Mustard gas exposure instigates retinal Müller cell gliosis

Binapani Mahaling  1 Nishant R Sinha  2 Sibabalo Sokupa  1 Utkarsh Reddy Addi  1 Rajiv R Mohan  2 Shyam S Chaurasia  3
Affiliations

Mustard gas exposure instigates retinal Müller cell gliosis

Binapani Mahaling et al. Exp Eye Res. 2023 May.

Abstract

Sulfur mustard (SM) is a chemical warfare agent (CWA) that causes severe eye pain, photophobia, excessive lacrimation, corneal and ocular surface defects, and blindness. However, SM's effects on retinal cells are relatively meager. This study investigated the role of SM toxicity on Müller glial cells responsible for cellular architecture, inner blood-retinal barrier maintenance, neurotransmitter recycling, neuronal survival, and retinal homeostasis. Müller glial cells (MIO-M1) were exposed to SM analog, nitrogen mustard (NM), at varying concentrations (50-500 μM) for 3 h, 24 h, and 72 h. Müller cell gliosis was evaluated using morphological, cellular, and biochemical methods.

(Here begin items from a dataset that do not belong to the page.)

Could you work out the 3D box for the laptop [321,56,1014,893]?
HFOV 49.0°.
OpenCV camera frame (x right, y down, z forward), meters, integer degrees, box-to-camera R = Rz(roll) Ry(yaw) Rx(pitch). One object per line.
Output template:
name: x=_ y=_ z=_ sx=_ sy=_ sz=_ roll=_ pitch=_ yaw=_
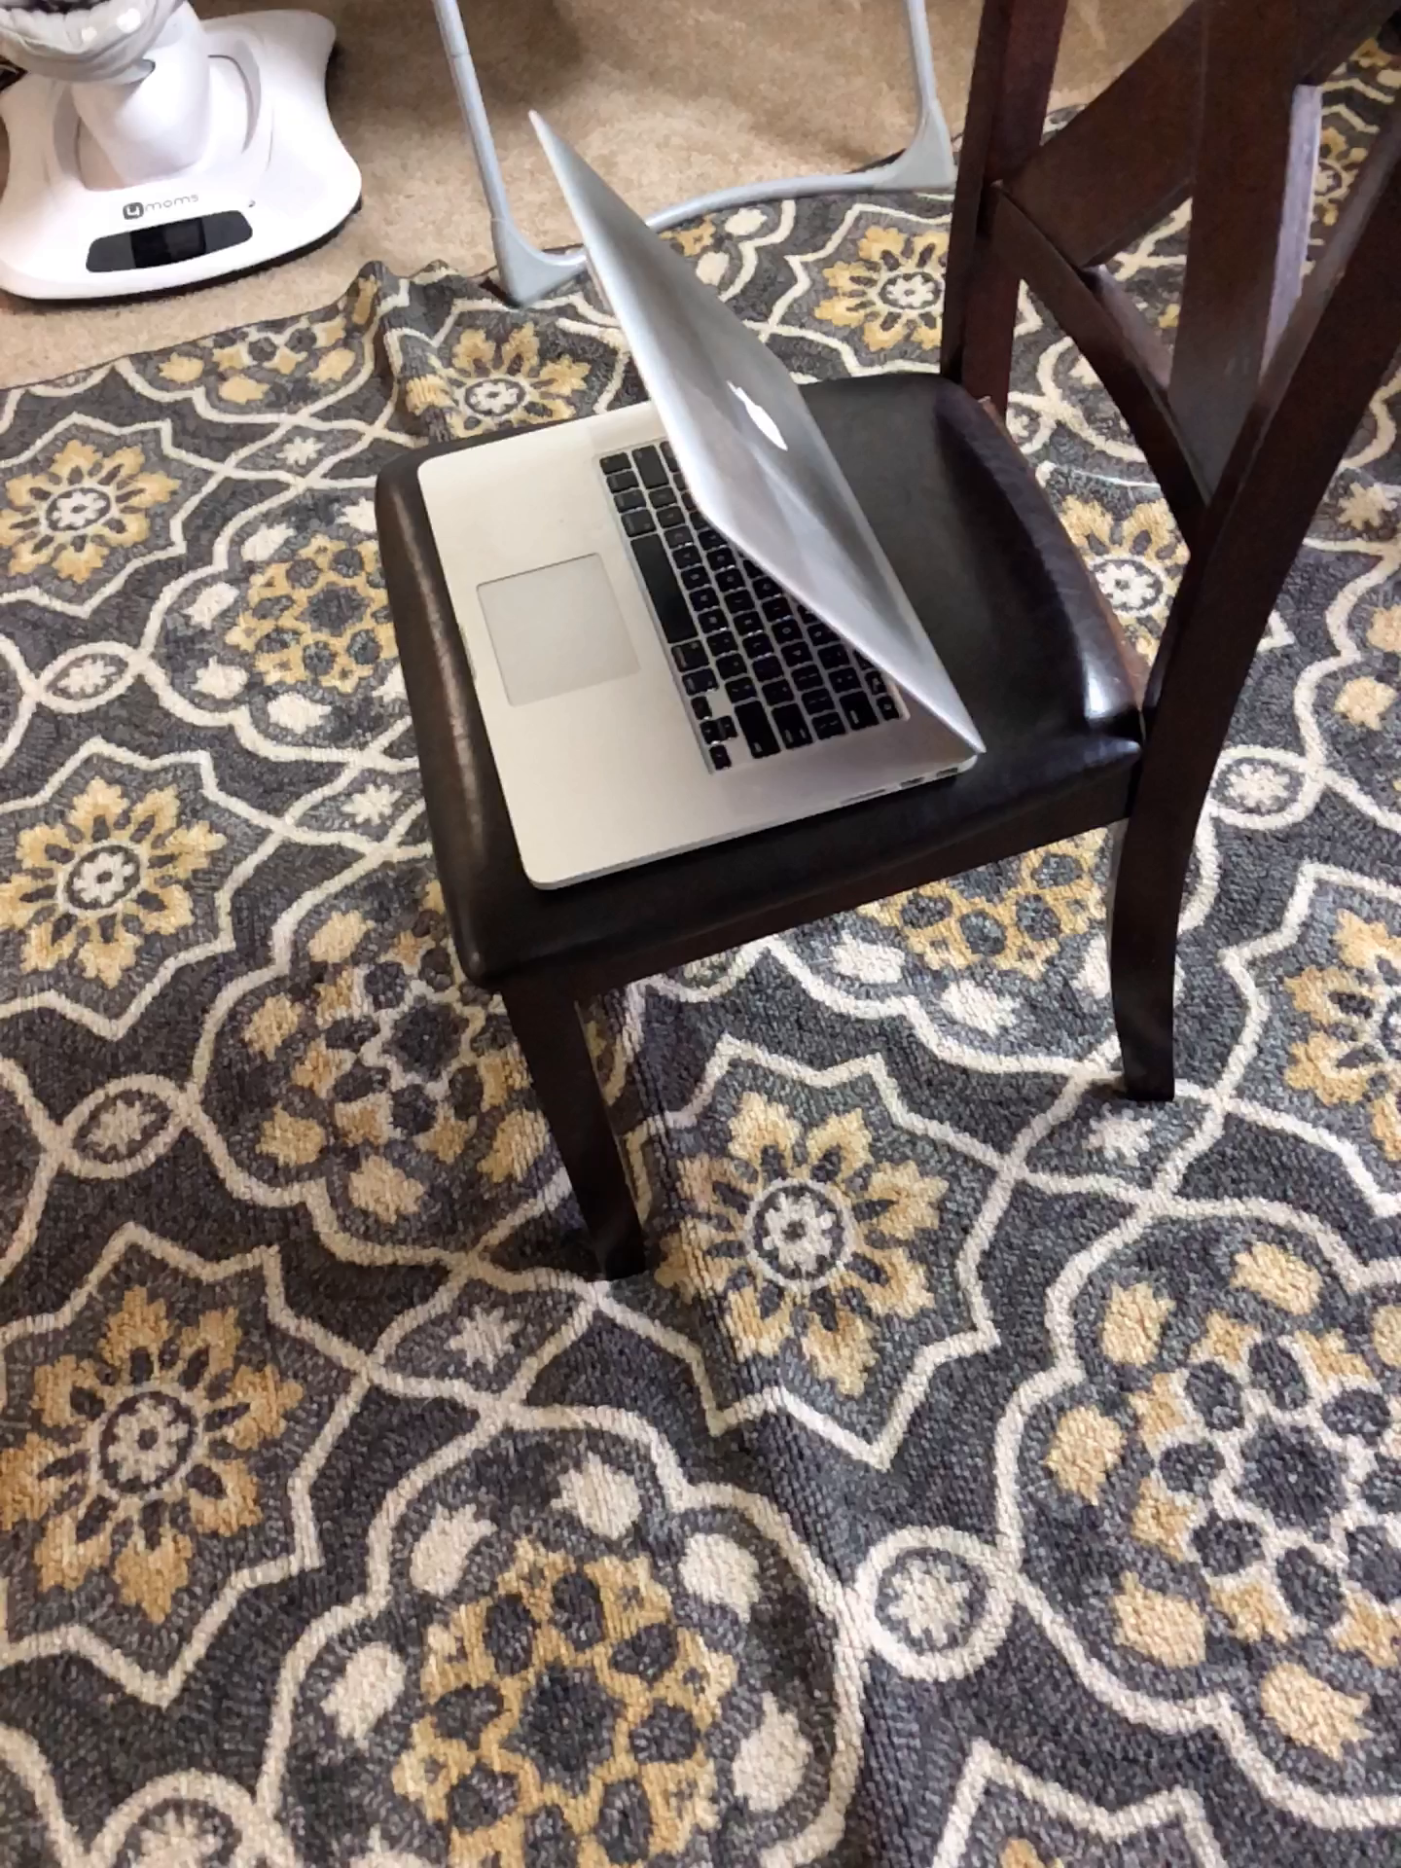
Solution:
laptop: x=-0.026 y=-0.244 z=0.795 sx=0.237 sy=0.200 sz=0.352 roll=-16 pitch=56 yaw=-4
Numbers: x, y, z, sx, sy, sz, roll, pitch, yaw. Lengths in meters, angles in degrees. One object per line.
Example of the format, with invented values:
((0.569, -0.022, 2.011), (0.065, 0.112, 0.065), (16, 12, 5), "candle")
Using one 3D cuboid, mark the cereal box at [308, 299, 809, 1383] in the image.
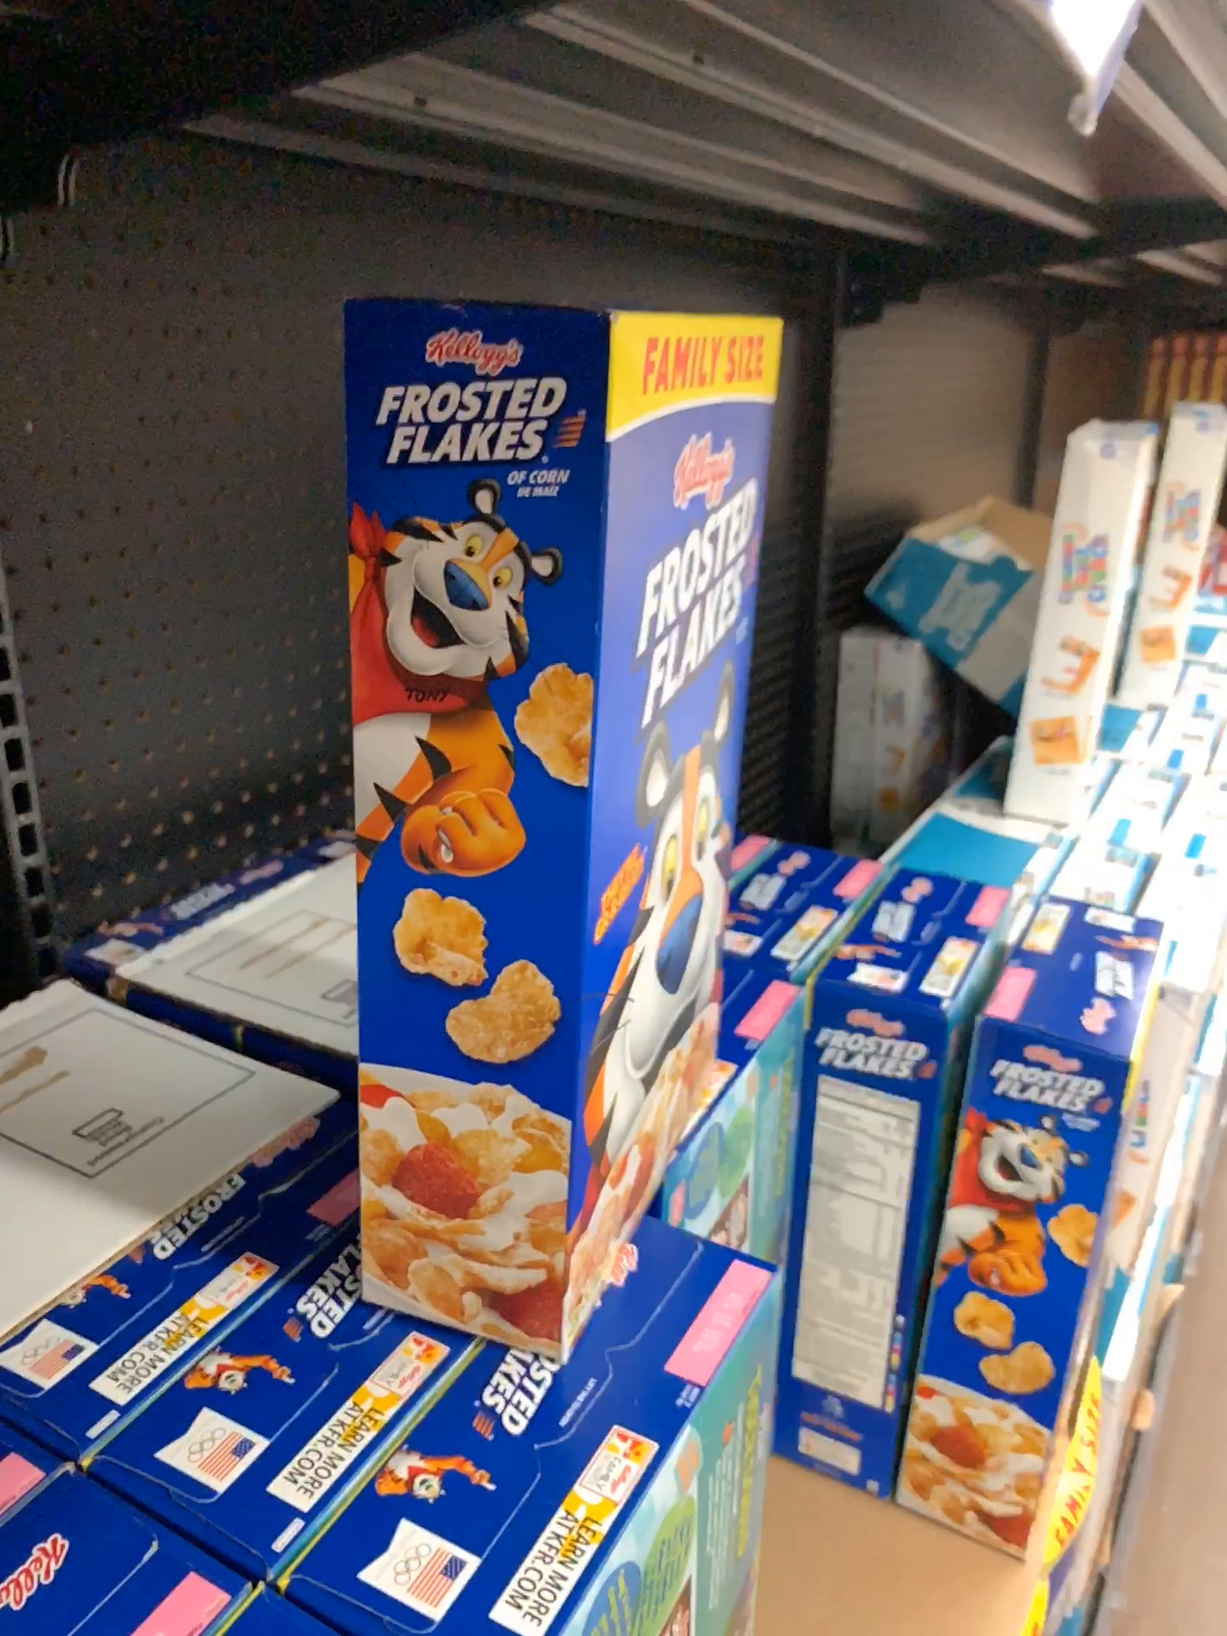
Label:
((-0.010, -0.009, 0.457), (0.080, 0.319, 0.211), (11, 22, 19), "cereal box")
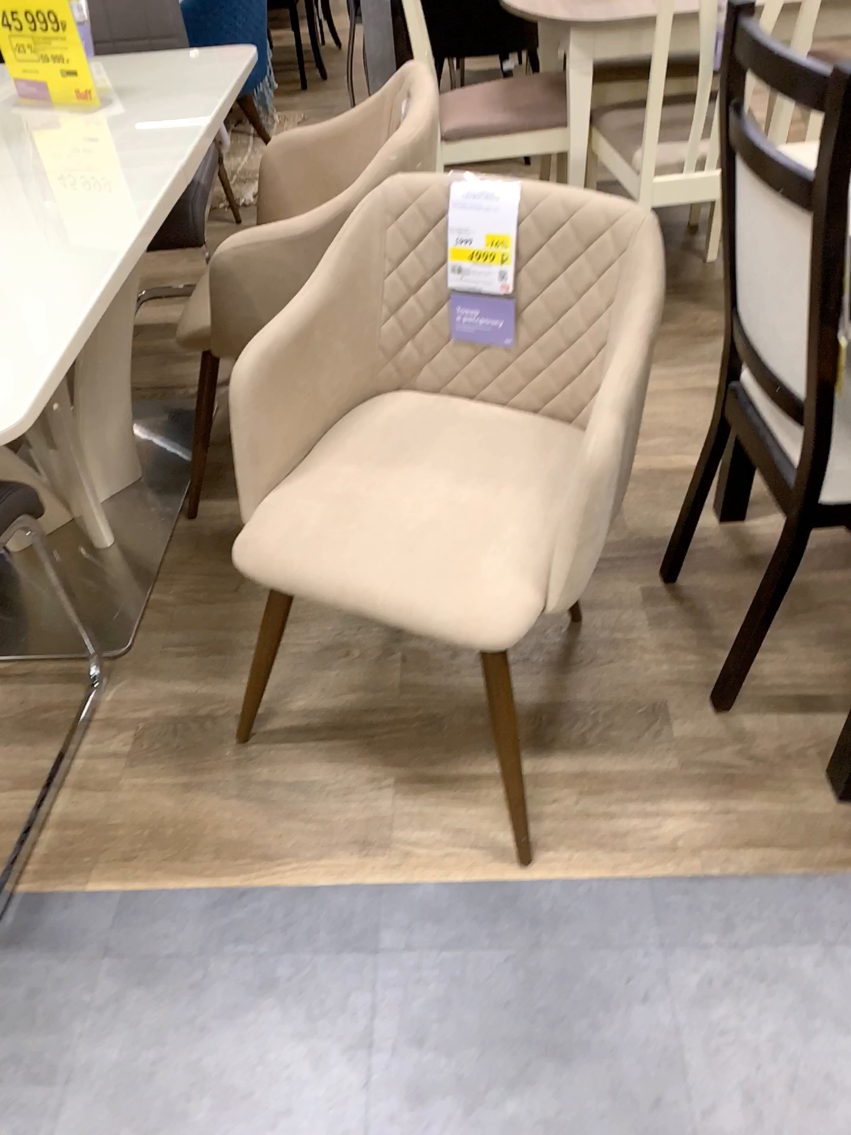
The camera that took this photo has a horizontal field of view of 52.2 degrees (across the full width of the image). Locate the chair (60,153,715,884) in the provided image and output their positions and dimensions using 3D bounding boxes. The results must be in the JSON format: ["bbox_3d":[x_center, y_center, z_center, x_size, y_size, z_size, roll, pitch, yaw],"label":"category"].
[{"bbox_3d":[0.010,-0.080,1.343,0.601,0.835,0.573,17,47,22],"label":"chair"}]

Real-time cellular integrity and morphological evaluation were performed using the xCELLigence real-time monitoring system. Cellular viability and toxicity were measured using TUNEL and PrestoBlue assays. Müller glia hyperactivity was calculated based on glial fibrillary acidic protein (GFAP) and vimentin immunostaining. Intracellular oxidative stress was measured using DCFDA and DHE cell-based assays. Inflammatory markers and antioxidant enzyme levels were determined by quantitative real-time PCR (qRT-PCR). AO/Br and DAPI staining further evaluated DNA damage, apoptosis, necrosis, and cell death. Inflammasome-associated Caspase-1, ASC, and NLRP3 were studied to identify mechanistic insights into NM toxicity in Müller glial cells. The cellular and morphological evaluation revealed the Müller glia hyperactivity after NM exposure in a dose- and time-dependent manner. NM exposure caused significant oxidative stress and enhanced cell death at 72 h. A significant increase in antioxidant indices was observed at the lower concentrations of NM. Mechanistically, we found that NM-treated MIO-M1 cells increased caspase-1 levels that activated NLRP3 inflammasome-induced production of IL-1β and IL-18, and elevated Gasdermin D (GSDMD) expression, a crucial component actuating pyroptosis. In conclusion, NM-induced Müller cell gliosis via increased oxidative stress results in caspase-1-dependent activation of the NLRP3 inflammasome and cell death driven primarily by pyroptosis.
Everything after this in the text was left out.